Kumbhar’s parents also sought to prevent him from seeing him, so the couple began to meet clandestinely in distant towns and in fields in the countryside, according to friends.

Muslim women walk past a sign displaying the name of the Hindu nationalist group Sri Ram Sena Hindustan in a residential area of ​​Belagavi, Karnataka [Aijaz Rahi/AP]

When threats escalated, the mullah reluctantly agreed to end the relationship after learning it would mean he would no longer be bothered. But the couple continued to correspond in secret – and his family were furious when they found out. It was not long before he was summoned to meet again with the members of Sri Ram Sena Hindustan.

Investigators say that during the meeting, members of Sri Ram Sena Hindustan clubbed the mullah with clubs and beheaded him with a knife. They then allegedly placed his body on the tracks in an attempt to make it look like he was dead when a train crushed him.

Ten people were quickly arrested, although formal charges have yet to be laid. Among them are Kumbhar’s parents, who, according to lead investigator Laxman Nimbargi, confessed to paying the killers.

The Associated Press news agency was unable to speak with Kumbhar. After a brief police custody, she is now staying with relatives who have refused to make her available or even to say where she is.

Sri Ram Sena Hindustan denied that its members killed the mullah and said the group was under fire for “working for the benefit of the Hindus”.

Its leader, Ramakant Konduskar, who calls himself an infantryman in the battle to save Hinduism, said he was not against any religion but that people should marry in theirs.

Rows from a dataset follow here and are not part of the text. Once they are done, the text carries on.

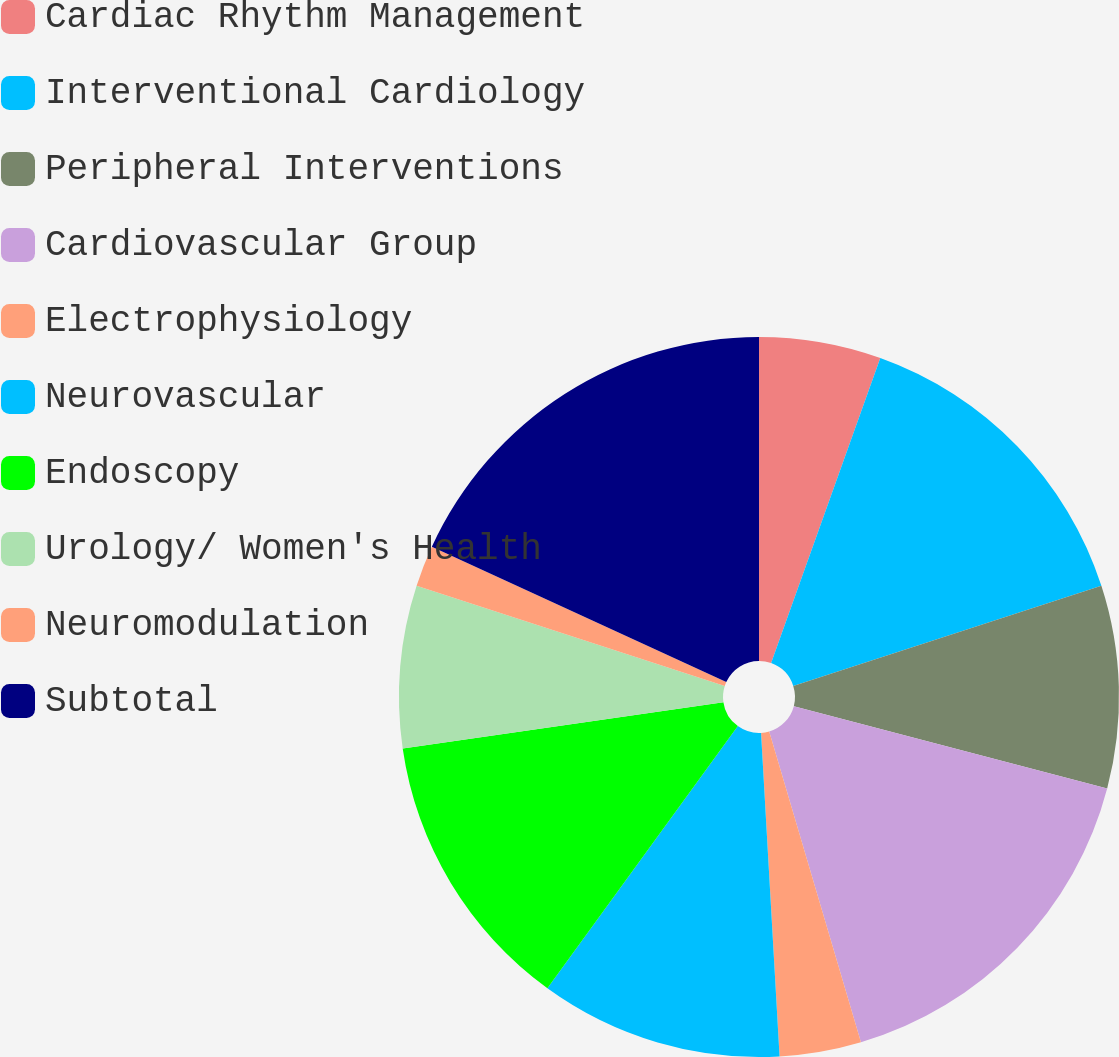Convert chart. <chart><loc_0><loc_0><loc_500><loc_500><pie_chart><fcel>Cardiac Rhythm Management<fcel>Interventional Cardiology<fcel>Peripheral Interventions<fcel>Cardiovascular Group<fcel>Electrophysiology<fcel>Neurovascular<fcel>Endoscopy<fcel>Urology/ Women's Health<fcel>Neuromodulation<fcel>Subtotal<nl><fcel>5.47%<fcel>14.53%<fcel>9.09%<fcel>16.34%<fcel>3.66%<fcel>10.91%<fcel>12.72%<fcel>7.28%<fcel>1.85%<fcel>18.15%<nl></chart> 
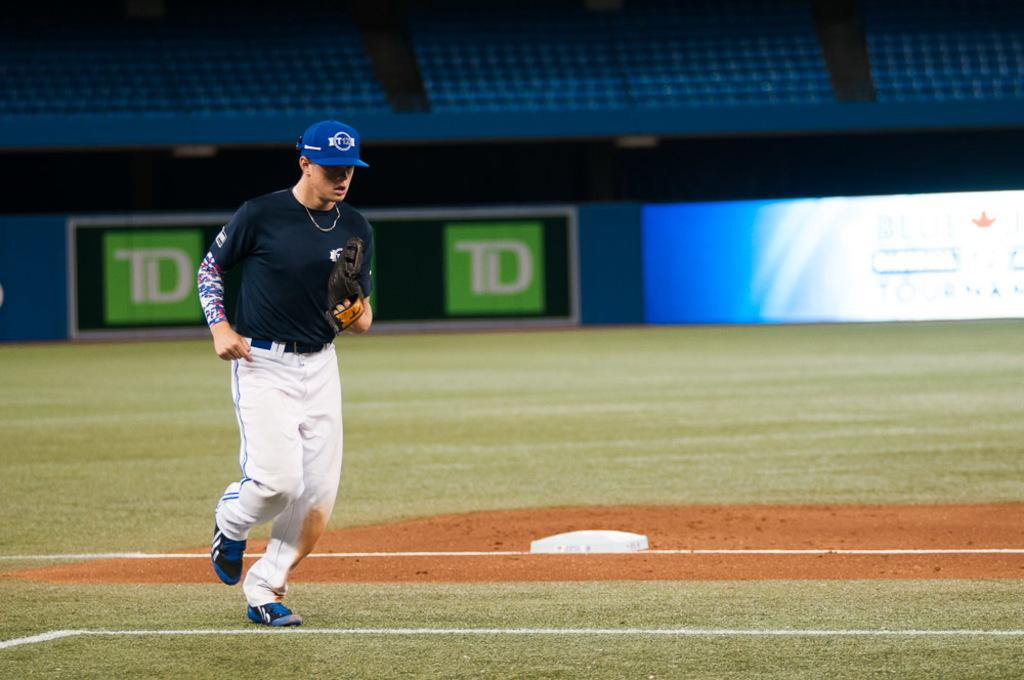<image>
Summarize the visual content of the image. A baseball player running wearing a blue hat that says ET 12 
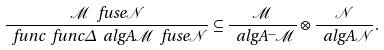Convert formula to latex. <formula><loc_0><loc_0><loc_500><loc_500>\frac { \mathcal { M } \ f u s e \mathcal { N } } { \ f u n c { \ f u n c { \Delta } { \ a l g { A } } } { \mathcal { M } \ f u s e \mathcal { N } } } \subseteq \frac { \mathcal { M } } { \ a l g { A } ^ { - } \mathcal { M } } \otimes \frac { \mathcal { N } } { \ a l g { A } \mathcal { N } } .</formula>

He sees the “jihad of love” as a threat to society.

Hindu women perform rituals when participating in religious festivities in Belagavi [Aijaz Rahi/AP]

Some jurisdictions governed by Modi’s party have now started to try to codify this sentiment into law.

Last year, Uttar Pradesh lawmakers passed India’s first “jihad of love” law, requiring couples of different faiths to give an official two months’ notice before marrying.

By law, it is up to the official to determine whether a conversion has occurred by duress, a felony punishable by up to 10 years in prison. Because authorities may make couples’ names public during the process, hard-line supporters have sometimes intervened to pressure the families of the women to file forced conversion complaints.

So far, nearly 100 people have been arrested under the law, although only a few have been convicted. Three other states governed by the BJP have introduced similar measures.

Critics say the bills violate the constitutional right to privacy. They also view the laws as deeply patriarchal.

“Women are not assets,” said Renu Mishra, lawyer and women’s rights activist in Uttar Pradesh.

Some liberal activists, mostly Hindus, have formed social and legal aid groups for interfaith couples and are celebrating their stories on social media.

But in Belagavi, a relatively small town, these resources and support are lacking. The state of Karnataka has recently seen an increase in anti-Muslim attacks, heightening fears within the community.

In this environment, the mullah felt he had nowhere to turn, according to his relatives.

“My son made a terrible mistake in loving a Hindu woman,” Shaikh said.

She paused, searching for the right words, before continuing, “Is that what you get by loving someone?”